Measuring the unintended consequences of public pension fund disinvestment from fossil fuel companies
Environmentalists are pursuing new strategies to pressure major polluters to decarbonise, including calling for widespread disinvestment from companies currently in the fossil fuel business. This column presents evidence that this strategy may be misguided. Focusing on public pension funds in the US, the authors find that companies reduced their greenhouse gas emissions when stock ownership by green funds increased, and did not alter their emissions when ownership by non-green funds changed. Ownership and constructive engagement were more effective than confrontational tactics such as voting or shareholder proposals.
At the COP28 meetings in the United Arab Emirates, held in December 2023, the world’s diplomats gathered to address the climate change challenge. After weeks of negotiations, the group could only agree to a vaguely worded statement calling for a “beginning of the end of the fossil fuel era” (UNFCCC 2023).
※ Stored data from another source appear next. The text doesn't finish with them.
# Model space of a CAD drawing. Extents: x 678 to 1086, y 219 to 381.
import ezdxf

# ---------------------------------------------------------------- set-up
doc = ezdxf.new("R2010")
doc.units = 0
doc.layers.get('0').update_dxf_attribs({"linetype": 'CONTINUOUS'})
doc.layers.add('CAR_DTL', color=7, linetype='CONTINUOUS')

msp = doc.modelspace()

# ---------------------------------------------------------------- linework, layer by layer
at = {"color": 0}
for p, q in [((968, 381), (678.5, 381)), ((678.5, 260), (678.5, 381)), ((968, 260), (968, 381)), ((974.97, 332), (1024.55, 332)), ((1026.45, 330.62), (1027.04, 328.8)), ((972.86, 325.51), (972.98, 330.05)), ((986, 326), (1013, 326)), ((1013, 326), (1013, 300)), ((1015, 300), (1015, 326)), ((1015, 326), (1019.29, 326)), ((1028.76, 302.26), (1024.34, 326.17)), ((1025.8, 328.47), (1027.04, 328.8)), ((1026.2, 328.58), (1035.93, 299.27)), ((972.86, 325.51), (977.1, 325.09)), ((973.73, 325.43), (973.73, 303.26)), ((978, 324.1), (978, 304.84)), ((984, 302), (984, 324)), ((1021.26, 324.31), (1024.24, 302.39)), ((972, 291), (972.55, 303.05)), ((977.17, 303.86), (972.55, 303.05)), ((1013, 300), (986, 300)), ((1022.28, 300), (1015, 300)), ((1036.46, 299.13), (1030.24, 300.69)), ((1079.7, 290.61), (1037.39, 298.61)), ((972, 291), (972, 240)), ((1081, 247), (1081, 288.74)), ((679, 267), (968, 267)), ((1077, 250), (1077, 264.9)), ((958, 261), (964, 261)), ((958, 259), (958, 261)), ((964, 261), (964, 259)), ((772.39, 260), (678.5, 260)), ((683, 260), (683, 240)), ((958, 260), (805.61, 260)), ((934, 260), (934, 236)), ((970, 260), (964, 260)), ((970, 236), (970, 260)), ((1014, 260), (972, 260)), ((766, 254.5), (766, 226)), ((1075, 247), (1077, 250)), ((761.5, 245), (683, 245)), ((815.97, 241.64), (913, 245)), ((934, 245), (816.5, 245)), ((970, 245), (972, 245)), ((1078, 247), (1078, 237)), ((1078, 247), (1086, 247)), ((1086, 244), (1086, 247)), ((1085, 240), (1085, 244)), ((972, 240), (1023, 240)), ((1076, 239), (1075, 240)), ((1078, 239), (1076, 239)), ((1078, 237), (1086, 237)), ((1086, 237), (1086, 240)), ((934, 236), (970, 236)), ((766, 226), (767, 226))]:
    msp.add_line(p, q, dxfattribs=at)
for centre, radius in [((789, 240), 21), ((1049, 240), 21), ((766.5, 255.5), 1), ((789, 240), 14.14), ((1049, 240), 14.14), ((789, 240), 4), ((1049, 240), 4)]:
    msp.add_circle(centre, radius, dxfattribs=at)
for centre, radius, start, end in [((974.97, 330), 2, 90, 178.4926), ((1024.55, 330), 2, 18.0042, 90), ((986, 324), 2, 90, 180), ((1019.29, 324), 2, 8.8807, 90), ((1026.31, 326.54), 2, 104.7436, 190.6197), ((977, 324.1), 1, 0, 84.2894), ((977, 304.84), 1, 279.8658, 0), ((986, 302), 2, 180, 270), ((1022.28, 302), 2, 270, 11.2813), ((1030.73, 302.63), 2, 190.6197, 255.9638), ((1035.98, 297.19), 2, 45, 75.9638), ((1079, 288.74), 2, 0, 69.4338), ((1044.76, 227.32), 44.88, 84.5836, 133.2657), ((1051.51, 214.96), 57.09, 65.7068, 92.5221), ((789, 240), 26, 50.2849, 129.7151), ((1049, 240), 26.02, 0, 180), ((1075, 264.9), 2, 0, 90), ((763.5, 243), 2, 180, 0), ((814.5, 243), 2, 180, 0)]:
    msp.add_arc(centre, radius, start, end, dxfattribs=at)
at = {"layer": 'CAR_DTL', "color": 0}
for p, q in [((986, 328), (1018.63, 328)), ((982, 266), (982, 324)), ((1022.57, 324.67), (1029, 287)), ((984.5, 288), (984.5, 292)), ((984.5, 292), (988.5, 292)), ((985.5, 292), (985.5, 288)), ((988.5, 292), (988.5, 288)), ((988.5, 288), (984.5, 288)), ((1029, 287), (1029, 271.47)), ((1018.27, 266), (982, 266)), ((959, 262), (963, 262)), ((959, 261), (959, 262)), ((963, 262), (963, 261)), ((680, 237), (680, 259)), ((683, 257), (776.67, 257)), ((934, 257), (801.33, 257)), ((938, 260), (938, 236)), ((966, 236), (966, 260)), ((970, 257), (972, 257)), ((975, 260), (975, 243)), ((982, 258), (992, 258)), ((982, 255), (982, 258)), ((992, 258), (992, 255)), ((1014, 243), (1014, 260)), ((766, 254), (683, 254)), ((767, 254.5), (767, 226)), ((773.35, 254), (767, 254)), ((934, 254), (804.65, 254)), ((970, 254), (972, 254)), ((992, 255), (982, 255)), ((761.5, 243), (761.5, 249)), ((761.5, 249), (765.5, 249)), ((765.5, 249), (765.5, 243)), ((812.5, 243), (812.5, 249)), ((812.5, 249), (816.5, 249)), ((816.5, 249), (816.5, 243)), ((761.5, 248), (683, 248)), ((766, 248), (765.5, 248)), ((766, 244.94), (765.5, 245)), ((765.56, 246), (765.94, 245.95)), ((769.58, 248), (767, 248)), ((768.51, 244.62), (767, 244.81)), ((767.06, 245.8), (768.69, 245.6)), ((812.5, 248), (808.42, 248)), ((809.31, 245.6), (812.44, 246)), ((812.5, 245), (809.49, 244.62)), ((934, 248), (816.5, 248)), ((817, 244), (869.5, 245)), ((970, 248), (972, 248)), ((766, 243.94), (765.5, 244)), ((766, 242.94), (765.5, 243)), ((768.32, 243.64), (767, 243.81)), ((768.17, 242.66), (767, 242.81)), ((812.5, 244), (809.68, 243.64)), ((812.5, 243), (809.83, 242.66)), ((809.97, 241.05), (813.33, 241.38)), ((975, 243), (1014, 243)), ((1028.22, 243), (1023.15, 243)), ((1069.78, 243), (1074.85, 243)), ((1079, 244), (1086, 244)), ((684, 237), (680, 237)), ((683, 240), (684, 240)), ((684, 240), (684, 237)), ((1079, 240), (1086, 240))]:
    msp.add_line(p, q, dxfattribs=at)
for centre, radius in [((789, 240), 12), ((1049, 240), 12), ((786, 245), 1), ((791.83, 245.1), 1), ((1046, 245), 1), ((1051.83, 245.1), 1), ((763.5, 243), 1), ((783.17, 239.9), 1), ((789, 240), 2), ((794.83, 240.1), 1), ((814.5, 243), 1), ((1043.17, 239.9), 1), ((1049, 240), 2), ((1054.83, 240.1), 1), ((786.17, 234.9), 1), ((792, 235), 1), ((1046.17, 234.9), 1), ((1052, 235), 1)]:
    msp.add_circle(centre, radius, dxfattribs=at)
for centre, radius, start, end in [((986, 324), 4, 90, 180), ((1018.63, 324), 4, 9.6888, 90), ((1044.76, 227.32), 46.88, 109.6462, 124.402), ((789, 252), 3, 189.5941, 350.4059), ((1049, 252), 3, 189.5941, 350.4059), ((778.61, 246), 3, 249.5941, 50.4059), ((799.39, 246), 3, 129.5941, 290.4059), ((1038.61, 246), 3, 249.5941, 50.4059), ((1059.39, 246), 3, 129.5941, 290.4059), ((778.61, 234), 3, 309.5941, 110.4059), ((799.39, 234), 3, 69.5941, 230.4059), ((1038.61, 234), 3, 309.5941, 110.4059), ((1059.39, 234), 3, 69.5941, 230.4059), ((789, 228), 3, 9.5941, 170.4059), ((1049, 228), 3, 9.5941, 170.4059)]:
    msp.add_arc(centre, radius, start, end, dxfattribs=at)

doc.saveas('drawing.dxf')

Climate change poses a fundamental global free-rider problem, as every nation has an incentive to keep using fossil fuels while hoping that other nations incur costs to reduce their emissions (Nordhaus 2019). Carbon mitigation optimists point to national initiatives such as the US Inflation Reduction Act, which offers generous subsidies for producing and purchasing electric vehicles and incentives to decarbonise the electricity grid (Bistline et al. 2023). China is using generous incentives to subsidise the production of electric vehicles and renewable power equipment with an eye to increasing its future green exports (Barwick et al. 2019).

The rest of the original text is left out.